Fast Accurate And Robust Multilingual Syntactic Analysis
Abstract: To build computer systems that can 'understand' natural language, we need to go beyond bag-of-words models and take the grammatical structure of language into account. Part-of-speech tag sequences and dependency parse trees are one form of such structural analysis that is easy to understand and use. This talk will cover three topics. First, I will present a coarse-to-fine architecture for dependency parsing that uses linear-time vine pruning and structured prediction cascades. The resulting pruned third-order model is twice as fast as an unpruned first-order model and compares favorably to a state-of-the-art transition-based parser in terms of speed and accuracy. I will then present a simple online algorithm for training structured prediction models with extrinsic loss functions. By tuning a parser with a loss function for machine translation reordering, we can show that parsing accuracy matters for downstream application quality, producing improvements of more than 1 BLEU point on an end-to-end machine translation task. Finally, I will present approaches for projecting part-of-speech taggers and syntactic parsers across language boundaries, allowing us to build models for languages with no labeled training data. Our projected models significantly outperform state-of-the-art unsupervised models and constitute a first step towards an universal parser.
This is joint work with Ryan McDonald, Keith Hall, Dipanjan Das, Alexander Rush, Michael Ringgaard and Kuzman Ganchev (a.k.a. the Natural Language Parsing Team at Google).
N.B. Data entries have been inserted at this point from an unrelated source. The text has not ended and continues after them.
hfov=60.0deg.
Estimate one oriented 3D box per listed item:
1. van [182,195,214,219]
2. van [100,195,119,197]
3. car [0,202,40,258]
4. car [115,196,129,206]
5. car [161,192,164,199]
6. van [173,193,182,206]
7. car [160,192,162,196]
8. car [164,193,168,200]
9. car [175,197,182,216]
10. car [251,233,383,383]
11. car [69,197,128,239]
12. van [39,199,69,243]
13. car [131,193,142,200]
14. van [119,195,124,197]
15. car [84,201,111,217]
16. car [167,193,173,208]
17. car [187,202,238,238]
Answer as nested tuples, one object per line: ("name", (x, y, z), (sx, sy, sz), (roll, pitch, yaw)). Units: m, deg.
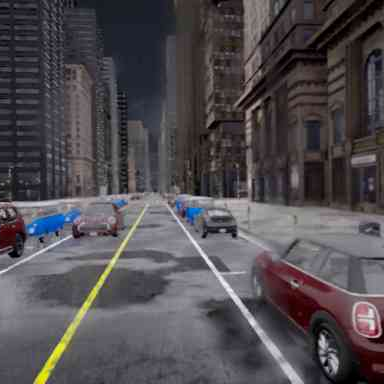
("van", (0.496, 1.219, 22.331), (1.690, 1.788, 3.998), (-1, 0, -6))
("van", (-9.791, 1.323, 38.350), (1.690, 1.788, 3.998), (-1, 0, -6))
("car", (-6.770, 1.382, 10.124), (2.192, 1.841, 5.009), (-1, 0, -6))
("car", (-11.583, 1.461, 55.117), (1.752, 1.417, 4.829), (-1, 0, -6))
("car", (-5.997, 1.261, 83.023), (2.008, 1.369, 4.403), (-1, 0, -6))
("van", (-0.713, 1.185, 33.621), (1.690, 1.788, 3.998), (-1, 0, -6))
("car", (-7.198, 1.233, 94.240), (2.008, 1.369, 4.403), (-1, 0, -6))
("car", (-3.130, 1.096, 56.202), (2.192, 1.841, 5.009), (-1, 0, -6))
("car", (-0.104, 1.406, 27.977), (1.887, 1.381, 4.507), (-1, 0, -6))
("car", (2.311, 1.371, 5.394), (1.967, 1.590, 4.097), (-1, 0, -6))
("car", (-4.785, 1.348, 17.553), (2.097, 1.767, 4.553), (-1, 0, -6))
("van", (-7.374, 1.390, 15.769), (1.690, 1.788, 3.998), (-1, 0, -6))
("car", (-15.076, 1.165, 87.714), (2.192, 1.841, 5.009), (-1, 0, -6))
("van", (-11.000, 1.292, 49.640), (1.690, 1.788, 3.998), (-1, 0, -6))
("car", (-9.182, 1.580, 32.706), (1.802, 1.307, 4.206), (-1, 0, -6))
("car", (-1.919, 1.252, 44.912), (1.967, 1.590, 4.097), (-1, 0, -6))
("car", (1.104, 1.446, 16.686), (2.008, 1.369, 4.403), (-1, 0, -6))
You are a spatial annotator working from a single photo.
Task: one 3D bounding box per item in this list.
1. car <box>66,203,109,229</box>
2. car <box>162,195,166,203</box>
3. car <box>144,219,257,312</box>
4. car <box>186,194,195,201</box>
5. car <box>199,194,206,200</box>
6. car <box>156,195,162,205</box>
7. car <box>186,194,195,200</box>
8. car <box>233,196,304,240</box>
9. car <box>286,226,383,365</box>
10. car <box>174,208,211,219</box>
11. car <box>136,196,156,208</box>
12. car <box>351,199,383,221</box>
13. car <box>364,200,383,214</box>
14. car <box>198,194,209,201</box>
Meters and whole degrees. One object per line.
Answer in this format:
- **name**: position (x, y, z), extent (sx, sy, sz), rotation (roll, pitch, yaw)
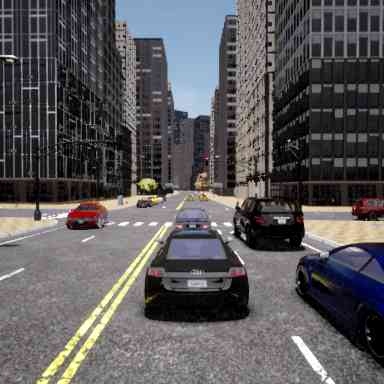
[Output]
- **car**: position (-6.670, 1.467, 21.745), extent (1.882, 1.535, 5.008), rotation (1, 0, -6)
- **car**: position (-6.839, 1.466, 66.565), extent (1.812, 1.442, 4.674), rotation (0, 0, 0)
- **car**: position (0.066, 1.560, 7.793), extent (1.994, 1.385, 4.181), rotation (0, 0, -1)
- **car**: position (-0.365, 1.392, 78.647), extent (1.882, 1.535, 5.008), rotation (0, 0, 0)
- **car**: position (2.836, 1.238, 89.078), extent (1.837, 1.490, 4.892), rotation (0, 0, 0)
- **car**: position (-6.848, 1.430, 57.117), extent (1.882, 1.535, 5.008), rotation (0, 0, 0)
- **car**: position (-0.414, 1.263, 89.064), extent (2.128, 1.511, 4.902), rotation (0, 0, 0)
- **car**: position (3.305, 1.212, 15.244), extent (2.150, 2.045, 5.566), rotation (0, 0, -2)
- **car**: position (3.334, 1.561, 5.823), extent (1.994, 1.385, 4.181), rotation (0, 0, -1)
- **car**: position (0.021, 1.537, 17.014), extent (2.033, 1.411, 5.357), rotation (0, 0, 0)
- **car**: position (-6.814, 1.527, 48.188), extent (1.994, 1.385, 4.181), rotation (0, 0, 0)
- **car**: position (16.072, 1.518, 27.933), extent (5.009, 1.841, 2.192), rotation (1, 0, 1)
- **car**: position (21.642, 1.641, 36.245), extent (4.829, 1.417, 1.752), rotation (1, 0, 1)
- **car**: position (2.886, 1.392, 78.661), extent (1.882, 1.535, 5.008), rotation (0, 0, 0)
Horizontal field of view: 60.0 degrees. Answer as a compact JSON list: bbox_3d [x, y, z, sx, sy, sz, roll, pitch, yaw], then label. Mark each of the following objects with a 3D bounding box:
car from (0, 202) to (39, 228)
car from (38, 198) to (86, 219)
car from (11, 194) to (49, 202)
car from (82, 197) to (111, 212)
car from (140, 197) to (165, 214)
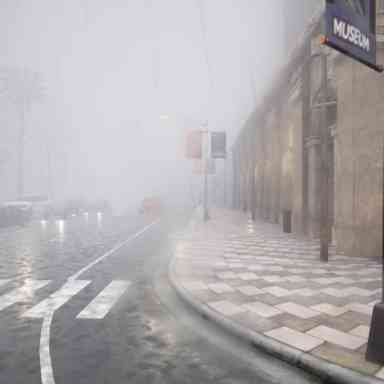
[{"bbox_3d":[-11.697,1.547,20.057,2.033,1.411,5.357,0,0,2],"label":"car"},{"bbox_3d":[-11.395,1.526,29.480,1.812,1.442,4.674,0,0,2],"label":"car"},{"bbox_3d":[-14.871,1.221,30.347,2.150,2.045,5.566,0,0,2],"label":"car"},{"bbox_3d":[-11.012,1.526,39.362,1.812,1.442,4.674,0,0,2],"label":"car"},{"bbox_3d":[-4.089,1.341,35.184,2.097,1.767,4.553,0,0,2],"label":"car"}]
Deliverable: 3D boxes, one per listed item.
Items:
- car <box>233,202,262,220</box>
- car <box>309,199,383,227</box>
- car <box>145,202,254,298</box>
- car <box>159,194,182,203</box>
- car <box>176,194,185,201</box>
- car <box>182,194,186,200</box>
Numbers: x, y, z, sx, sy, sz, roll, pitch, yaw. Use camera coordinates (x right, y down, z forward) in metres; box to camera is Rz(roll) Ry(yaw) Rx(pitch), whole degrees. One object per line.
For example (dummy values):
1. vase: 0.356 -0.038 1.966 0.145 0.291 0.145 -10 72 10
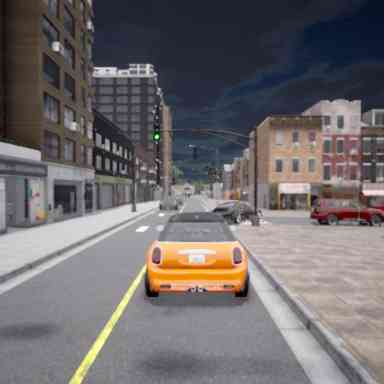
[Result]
1. car: 3.457 1.485 24.816 1.837 1.490 4.892 -2 -1 38
2. car: 10.921 1.456 23.517 5.009 1.841 2.192 1 0 0
3. car: 0.113 1.286 8.508 2.097 1.767 4.553 0 0 0
4. car: -2.669 1.219 39.101 2.097 1.767 4.553 0 0 0
5. car: -2.421 1.288 72.817 1.837 1.490 4.892 0 -1 0
6. car: -2.574 1.468 56.515 2.033 1.411 5.357 0 0 1
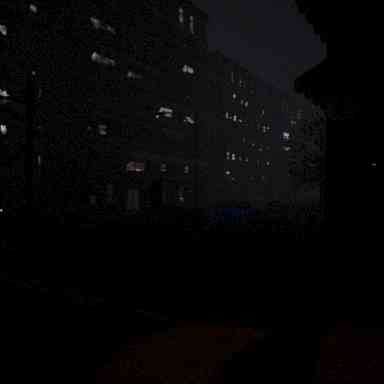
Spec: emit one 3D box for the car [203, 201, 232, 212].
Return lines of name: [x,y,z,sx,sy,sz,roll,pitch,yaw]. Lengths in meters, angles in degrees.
car: [3.463,1.858,44.318,1.802,1.307,4.206,1,0,36]

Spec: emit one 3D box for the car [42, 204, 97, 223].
car: [-9.637,1.645,26.477,2.008,1.369,4.403,1,0,36]

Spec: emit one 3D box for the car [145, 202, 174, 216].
car: [-3.087,1.730,35.397,1.887,1.381,4.507,1,0,36]

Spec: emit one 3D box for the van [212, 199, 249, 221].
van: [3.664,1.659,30.431,1.690,1.788,3.998,1,0,36]

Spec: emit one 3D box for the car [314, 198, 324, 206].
car: [23.315,1.902,57.192,2.192,1.841,5.009,1,0,36]

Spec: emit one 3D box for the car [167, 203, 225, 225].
car: [0.387,1.838,25.971,1.947,1.339,4.313,1,0,36]

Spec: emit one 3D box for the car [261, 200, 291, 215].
car: [10.214,1.848,39.352,1.967,1.590,4.097,1,0,36]

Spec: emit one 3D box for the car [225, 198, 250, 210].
car: [6.739,1.761,48.778,1.967,1.590,4.097,1,0,36]

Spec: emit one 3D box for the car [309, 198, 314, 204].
car: [29.663,2.194,79.998,1.947,1.339,4.313,1,0,36]

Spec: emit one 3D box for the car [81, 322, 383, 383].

Bio: Slav Petrov is a Senior Research Scientist in Google's New York office. He works on problems at the intersection of natural language processing and machine learning. He is in particular interested in syntactic parsing and its applications to machine translation and information extraction. He also teaches a class on Statistical Natural Language Processing at New York University every Fall.
Prior to Google, Slav completed his PhD degree at UC Berkeley, where he worked with Dan Klein. He holds a Master's degree from the Free University of Berlin, and also spent a year as an exchange student at Duke University. Slav was a member of the FU-Fighters team that won the RoboCup 2004 world championship in robotic soccer and recently won a best paper award at ACL 2011 for his work on multilingual syntactic analysis.
Slav grew up in Berlin, Germany, but is originally from Sofia, Bulgaria. He therefore considers himself a Berliner from Bulgaria. Whenever Bulgaria plays Germany in soccer, he supports Bulgaria.